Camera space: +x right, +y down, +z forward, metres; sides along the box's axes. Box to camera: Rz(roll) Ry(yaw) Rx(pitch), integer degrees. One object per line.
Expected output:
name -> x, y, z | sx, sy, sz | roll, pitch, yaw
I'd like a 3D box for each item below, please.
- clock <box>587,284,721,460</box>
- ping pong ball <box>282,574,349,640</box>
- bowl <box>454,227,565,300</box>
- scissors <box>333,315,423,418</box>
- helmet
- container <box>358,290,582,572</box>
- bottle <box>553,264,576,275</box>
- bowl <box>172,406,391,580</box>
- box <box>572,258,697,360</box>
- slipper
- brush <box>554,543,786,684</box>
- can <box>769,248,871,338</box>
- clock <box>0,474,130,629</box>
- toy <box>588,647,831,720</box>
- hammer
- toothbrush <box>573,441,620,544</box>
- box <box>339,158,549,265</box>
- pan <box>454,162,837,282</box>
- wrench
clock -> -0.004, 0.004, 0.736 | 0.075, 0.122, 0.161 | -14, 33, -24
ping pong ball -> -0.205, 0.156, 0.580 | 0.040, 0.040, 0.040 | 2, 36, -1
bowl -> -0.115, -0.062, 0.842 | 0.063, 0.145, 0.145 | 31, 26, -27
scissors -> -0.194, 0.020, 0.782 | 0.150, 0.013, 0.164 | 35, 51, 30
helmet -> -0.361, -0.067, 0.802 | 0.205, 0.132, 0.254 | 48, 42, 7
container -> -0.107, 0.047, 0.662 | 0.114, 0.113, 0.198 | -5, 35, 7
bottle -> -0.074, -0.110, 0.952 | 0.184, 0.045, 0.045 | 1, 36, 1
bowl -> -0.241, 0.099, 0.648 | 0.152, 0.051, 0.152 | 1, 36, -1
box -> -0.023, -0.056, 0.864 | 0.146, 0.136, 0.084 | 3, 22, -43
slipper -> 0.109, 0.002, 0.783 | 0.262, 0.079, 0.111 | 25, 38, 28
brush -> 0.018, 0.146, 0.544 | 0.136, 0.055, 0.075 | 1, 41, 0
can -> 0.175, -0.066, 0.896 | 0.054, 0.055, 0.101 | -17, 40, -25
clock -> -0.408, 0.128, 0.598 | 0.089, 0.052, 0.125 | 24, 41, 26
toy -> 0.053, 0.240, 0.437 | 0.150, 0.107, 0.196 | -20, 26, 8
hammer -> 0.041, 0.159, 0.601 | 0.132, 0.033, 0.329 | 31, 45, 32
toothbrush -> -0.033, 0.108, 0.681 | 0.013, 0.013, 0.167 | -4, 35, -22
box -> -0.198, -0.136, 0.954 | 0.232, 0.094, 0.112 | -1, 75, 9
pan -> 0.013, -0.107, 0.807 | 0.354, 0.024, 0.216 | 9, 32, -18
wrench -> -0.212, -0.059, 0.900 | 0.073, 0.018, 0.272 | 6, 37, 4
▬▬▬▬▬▬
● Your assignment
Restate the listing word for word.

● Task response
Camera space: +x right, +y down, +z forward, metres; sides along the box's axes. Box to camera: Rz(roll) Ry(yaw) Rx(pitch), integer degrees. One object per line.
Expected output:
name -> x, y, z | sx, sy, sz | roll, pitch, yaw
I'd like a 3D box for each item below, please.
- clock <box>587,284,721,460</box>
- ping pong ball <box>282,574,349,640</box>
- bowl <box>454,227,565,300</box>
- scissors <box>333,315,423,418</box>
- helmet
- container <box>358,290,582,572</box>
- bottle <box>553,264,576,275</box>
- bowl <box>172,406,391,580</box>
- box <box>572,258,697,360</box>
- slipper
- brush <box>554,543,786,684</box>
- can <box>769,248,871,338</box>
- clock <box>0,474,130,629</box>
- toy <box>588,647,831,720</box>
- hammer
- toothbrush <box>573,441,620,544</box>
- box <box>339,158,549,265</box>
- pan <box>454,162,837,282</box>
- wrench
clock -> -0.004, 0.004, 0.736 | 0.075, 0.122, 0.161 | -14, 33, -24
ping pong ball -> -0.205, 0.156, 0.580 | 0.040, 0.040, 0.040 | 2, 36, -1
bowl -> -0.115, -0.062, 0.842 | 0.063, 0.145, 0.145 | 31, 26, -27
scissors -> -0.194, 0.020, 0.782 | 0.150, 0.013, 0.164 | 35, 51, 30
helmet -> -0.361, -0.067, 0.802 | 0.205, 0.132, 0.254 | 48, 42, 7
container -> -0.107, 0.047, 0.662 | 0.114, 0.113, 0.198 | -5, 35, 7
bottle -> -0.074, -0.110, 0.952 | 0.184, 0.045, 0.045 | 1, 36, 1
bowl -> -0.241, 0.099, 0.648 | 0.152, 0.051, 0.152 | 1, 36, -1
box -> -0.023, -0.056, 0.864 | 0.146, 0.136, 0.084 | 3, 22, -43
slipper -> 0.109, 0.002, 0.783 | 0.262, 0.079, 0.111 | 25, 38, 28
brush -> 0.018, 0.146, 0.544 | 0.136, 0.055, 0.075 | 1, 41, 0
can -> 0.175, -0.066, 0.896 | 0.054, 0.055, 0.101 | -17, 40, -25
clock -> -0.408, 0.128, 0.598 | 0.089, 0.052, 0.125 | 24, 41, 26
toy -> 0.053, 0.240, 0.437 | 0.150, 0.107, 0.196 | -20, 26, 8
hammer -> 0.041, 0.159, 0.601 | 0.132, 0.033, 0.329 | 31, 45, 32
toothbrush -> -0.033, 0.108, 0.681 | 0.013, 0.013, 0.167 | -4, 35, -22
box -> -0.198, -0.136, 0.954 | 0.232, 0.094, 0.112 | -1, 75, 9
pan -> 0.013, -0.107, 0.807 | 0.354, 0.024, 0.216 | 9, 32, -18
wrench -> -0.212, -0.059, 0.900 | 0.073, 0.018, 0.272 | 6, 37, 4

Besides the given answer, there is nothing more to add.